*EXERCISE OBJECTIVE:* Copy the listing verbatim, excluding any images found in it.

*****

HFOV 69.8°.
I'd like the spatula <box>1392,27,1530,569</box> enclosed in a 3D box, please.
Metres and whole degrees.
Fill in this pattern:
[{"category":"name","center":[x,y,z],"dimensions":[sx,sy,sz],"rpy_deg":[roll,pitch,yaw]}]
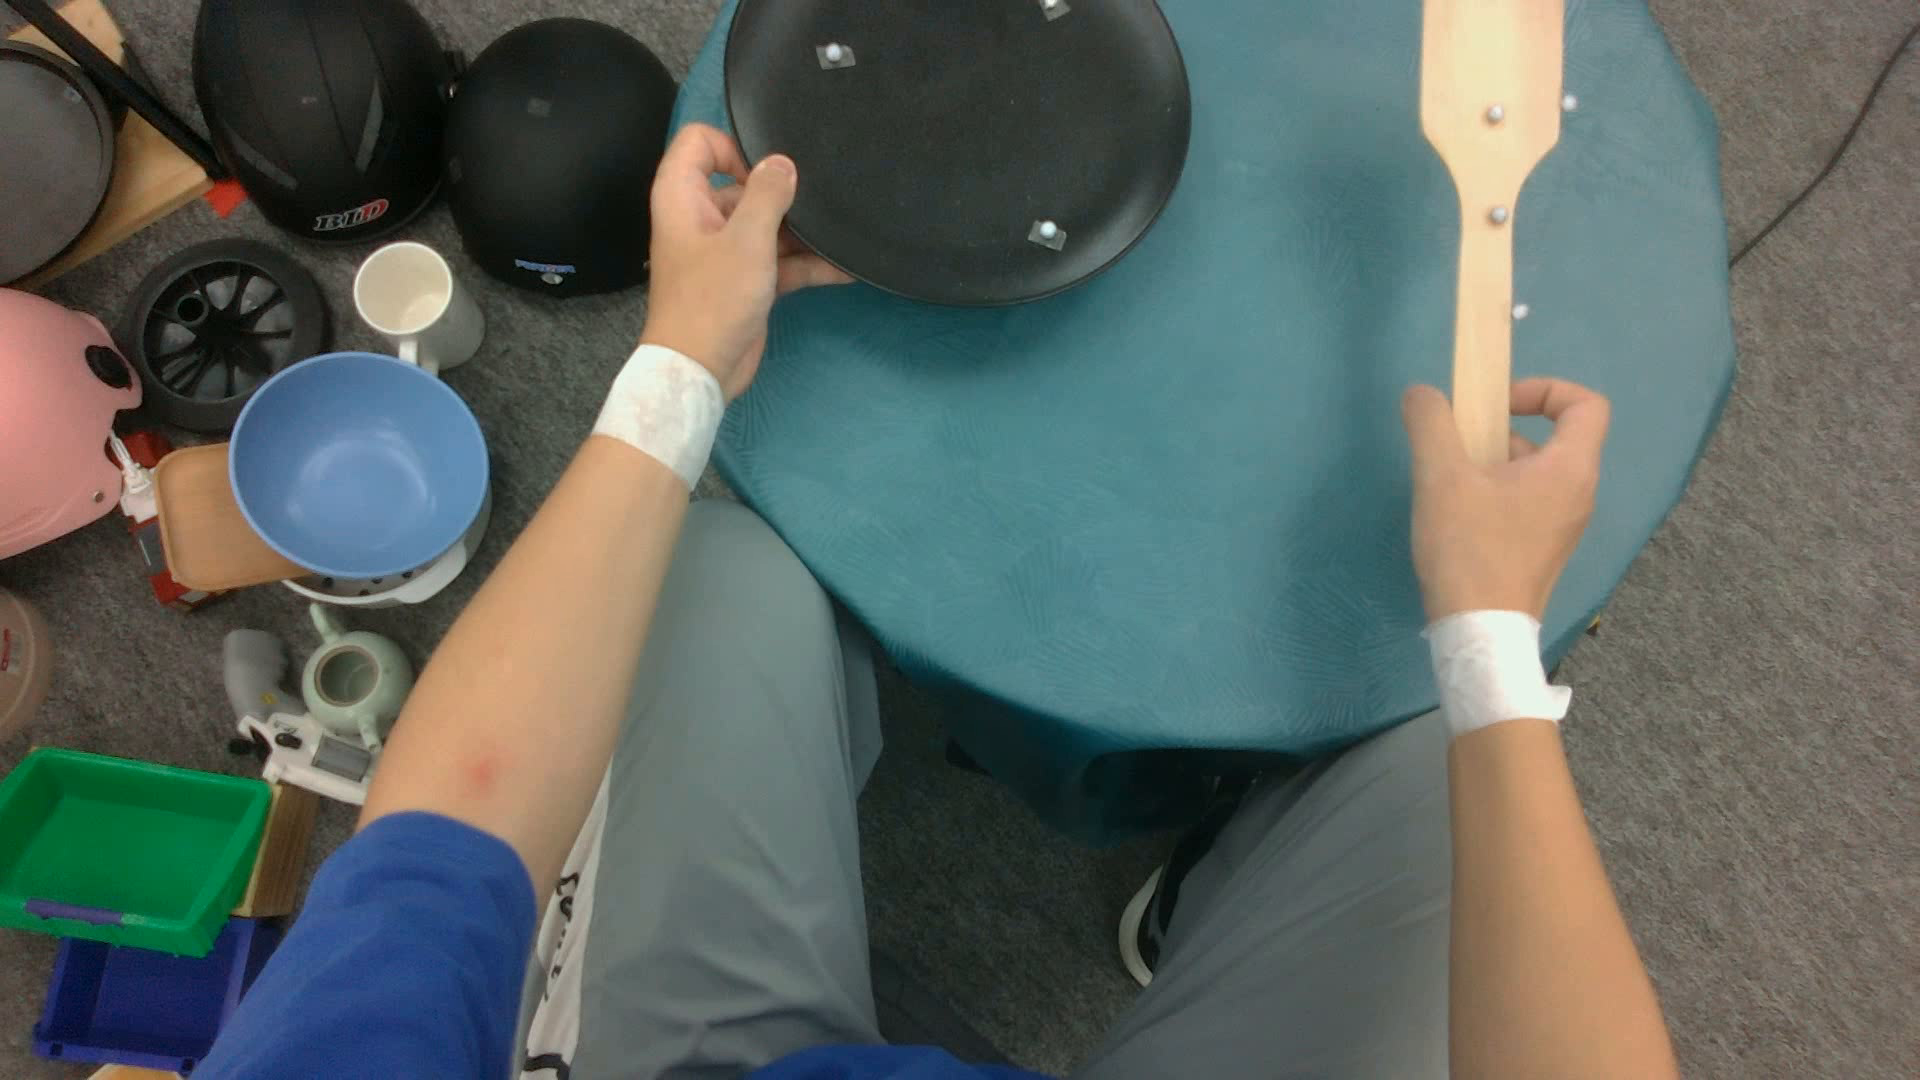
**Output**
[{"category":"spatula","center":[0.259,-0.129,0.705],"dimensions":[0.072,0.010,0.293],"rpy_deg":[3,78,2]}]

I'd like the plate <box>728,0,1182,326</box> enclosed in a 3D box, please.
[{"category":"plate","center":[-0.001,-0.224,0.742],"dimensions":[0.244,0.023,0.245],"rpy_deg":[2,73,-7]}]

*****

*YOUR RESPONSE:*
HFOV 69.8°.
I'd like the spatula <box>1392,27,1530,569</box> enclosed in a 3D box, please.
Metres and whole degrees.
Fill in this pattern:
[{"category":"name","center":[x,y,z],"dimensions":[sx,sy,sz],"rpy_deg":[roll,pitch,yaw]}]
**Output**
[{"category":"spatula","center":[0.259,-0.129,0.705],"dimensions":[0.072,0.010,0.293],"rpy_deg":[3,78,2]}]

I'd like the plate <box>728,0,1182,326</box> enclosed in a 3D box, please.
[{"category":"plate","center":[-0.001,-0.224,0.742],"dimensions":[0.244,0.023,0.245],"rpy_deg":[2,73,-7]}]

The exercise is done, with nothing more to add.